Reporter: Dityasa H Forddanta | Editor: Tri Adi
Tren pelemahan rupiah yang tengah terjadi saat ini disebabkan oleh karakteristik pergerakan rupiah yang lebih disebabkan oleh sentimen masuknya dana asing (capital inflow), bukan cadangan devisa. Jadi, ketika ada arus dana keluar (capital outflow), rupiah melemah.
Kita tahu outflow saat ini terus terjadi, terutama di pasar obligasi. Di pasar saham sudah mulai mereda, tapi capital inflow juga belum terlalu besar.
Ini yang menjadi alasan rupiah terus melemah, meski cadangan devisa negara menguat. Selain itu, ada lag data cadangan devisa yang diperoleh untuk kemudian dianalisis.
Soal cadangan devisa juga menjadi jawaban atas seberapa besar kemampuan intervensi Bank Indonesia (BI) dalam menjaga nilai tukar rupiah. Kekuatan intervensi BI hanya sebatas menjaga volatilitas, bukan menetapkan rupiah harus berada di level berapa. Butuh cadangan devisa yang sangat kuat seperti China jika ingin memiliki kemampuan intervensi sekuat itu.
Bagaimana supaya kuat? Surplus neraca perdagangan harus naik, jadi bukan cuma mengandalkan capital inflow. Untuk mencapai kondisi itu, bukan hanya BI yang bekerja. Peran pemerintah, dalam hal ini Kementerian Perindustrian dan Kementerian Perdagangan, sangat dibutuhkan.
Namun, bukan berarti sistem yang dianut selama ini buruk. Sebenarnya, dengan sistem yang membiarkan rupiah mengambang tapi juga tetap terkontrol, justru memberikan gambaran yang lebih riil.

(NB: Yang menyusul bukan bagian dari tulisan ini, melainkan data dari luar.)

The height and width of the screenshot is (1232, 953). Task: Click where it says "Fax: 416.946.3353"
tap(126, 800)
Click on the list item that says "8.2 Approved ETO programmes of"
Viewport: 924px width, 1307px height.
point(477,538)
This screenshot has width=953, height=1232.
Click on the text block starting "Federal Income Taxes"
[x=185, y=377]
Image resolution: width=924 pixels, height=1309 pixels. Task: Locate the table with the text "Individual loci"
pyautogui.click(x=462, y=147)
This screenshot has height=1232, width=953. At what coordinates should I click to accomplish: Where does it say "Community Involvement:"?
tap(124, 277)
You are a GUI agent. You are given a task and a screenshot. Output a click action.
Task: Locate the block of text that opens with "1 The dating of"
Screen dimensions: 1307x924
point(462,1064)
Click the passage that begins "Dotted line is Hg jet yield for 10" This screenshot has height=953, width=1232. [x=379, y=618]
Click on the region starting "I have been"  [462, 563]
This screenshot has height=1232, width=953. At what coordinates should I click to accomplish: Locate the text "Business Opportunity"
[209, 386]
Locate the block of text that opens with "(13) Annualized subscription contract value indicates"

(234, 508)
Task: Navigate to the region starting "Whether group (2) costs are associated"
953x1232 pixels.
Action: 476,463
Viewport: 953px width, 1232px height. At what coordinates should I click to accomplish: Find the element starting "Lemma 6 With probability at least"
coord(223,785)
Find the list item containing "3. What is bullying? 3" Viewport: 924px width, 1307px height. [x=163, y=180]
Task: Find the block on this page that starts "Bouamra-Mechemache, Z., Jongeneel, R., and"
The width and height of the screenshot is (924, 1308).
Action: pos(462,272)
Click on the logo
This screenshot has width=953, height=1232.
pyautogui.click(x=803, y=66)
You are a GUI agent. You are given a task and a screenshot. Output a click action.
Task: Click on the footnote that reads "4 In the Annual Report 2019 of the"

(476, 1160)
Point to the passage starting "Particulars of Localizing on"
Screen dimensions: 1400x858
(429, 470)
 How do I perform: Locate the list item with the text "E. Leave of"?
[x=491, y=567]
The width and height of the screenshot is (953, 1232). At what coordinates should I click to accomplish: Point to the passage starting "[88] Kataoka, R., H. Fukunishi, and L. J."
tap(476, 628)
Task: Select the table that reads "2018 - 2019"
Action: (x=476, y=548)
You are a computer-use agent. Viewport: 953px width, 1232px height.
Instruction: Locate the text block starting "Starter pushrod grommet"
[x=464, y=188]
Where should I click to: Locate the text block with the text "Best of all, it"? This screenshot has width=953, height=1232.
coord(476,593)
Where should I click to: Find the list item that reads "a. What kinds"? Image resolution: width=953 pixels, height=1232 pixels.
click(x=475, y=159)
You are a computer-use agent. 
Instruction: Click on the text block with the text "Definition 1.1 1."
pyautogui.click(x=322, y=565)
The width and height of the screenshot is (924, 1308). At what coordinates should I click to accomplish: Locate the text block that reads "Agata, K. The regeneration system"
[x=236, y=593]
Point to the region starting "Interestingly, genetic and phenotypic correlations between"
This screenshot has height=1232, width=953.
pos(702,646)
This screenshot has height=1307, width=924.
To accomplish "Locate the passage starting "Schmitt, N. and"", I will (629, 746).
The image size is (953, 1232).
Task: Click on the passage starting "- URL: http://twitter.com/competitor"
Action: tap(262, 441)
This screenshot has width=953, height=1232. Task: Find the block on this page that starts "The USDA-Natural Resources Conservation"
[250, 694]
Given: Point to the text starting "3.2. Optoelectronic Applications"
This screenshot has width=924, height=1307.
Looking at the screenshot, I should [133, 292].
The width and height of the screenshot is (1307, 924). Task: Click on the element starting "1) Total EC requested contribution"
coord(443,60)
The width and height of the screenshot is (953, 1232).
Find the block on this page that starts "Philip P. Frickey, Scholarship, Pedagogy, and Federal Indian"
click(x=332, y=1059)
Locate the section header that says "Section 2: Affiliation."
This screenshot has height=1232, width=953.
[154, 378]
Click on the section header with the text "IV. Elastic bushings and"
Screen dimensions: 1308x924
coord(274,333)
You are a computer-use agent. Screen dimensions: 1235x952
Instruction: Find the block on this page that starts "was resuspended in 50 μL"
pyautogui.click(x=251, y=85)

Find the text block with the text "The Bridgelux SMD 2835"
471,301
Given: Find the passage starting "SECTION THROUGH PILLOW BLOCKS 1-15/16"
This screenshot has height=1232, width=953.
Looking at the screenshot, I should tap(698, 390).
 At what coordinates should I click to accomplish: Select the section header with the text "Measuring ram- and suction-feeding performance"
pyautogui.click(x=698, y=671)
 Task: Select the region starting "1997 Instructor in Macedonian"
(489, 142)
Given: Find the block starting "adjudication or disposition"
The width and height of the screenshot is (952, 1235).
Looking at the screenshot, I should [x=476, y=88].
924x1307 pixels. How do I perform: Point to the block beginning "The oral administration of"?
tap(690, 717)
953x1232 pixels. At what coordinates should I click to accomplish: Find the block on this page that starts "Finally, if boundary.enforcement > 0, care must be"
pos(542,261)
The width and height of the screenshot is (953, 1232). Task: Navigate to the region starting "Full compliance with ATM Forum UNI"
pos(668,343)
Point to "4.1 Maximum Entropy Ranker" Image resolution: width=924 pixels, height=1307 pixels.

Saya optimistis, kurs rupiah kecil kemungkinannya melewati batas Rp 14.000. Selama ini, level Rp 14.000 memang menjadi batas psikologis. Jika level ini ditembus, capital outflow bisa lebih besar. Tapi, kecil kemungkinannya kurs rupiah menembus batas itu.
Dengan kondisi makro seperti saat ini, rata-rata pergerakan rupiah akan stabil di level Rp 13.650 hingga akhir tahun. Soalnya, kondisi makro ekonomi Indonesia masih cukup stabil. Nilai ekspor kita juga masih bisa tumbuh, seiring dengan harga komoditas yang lebih tinggi.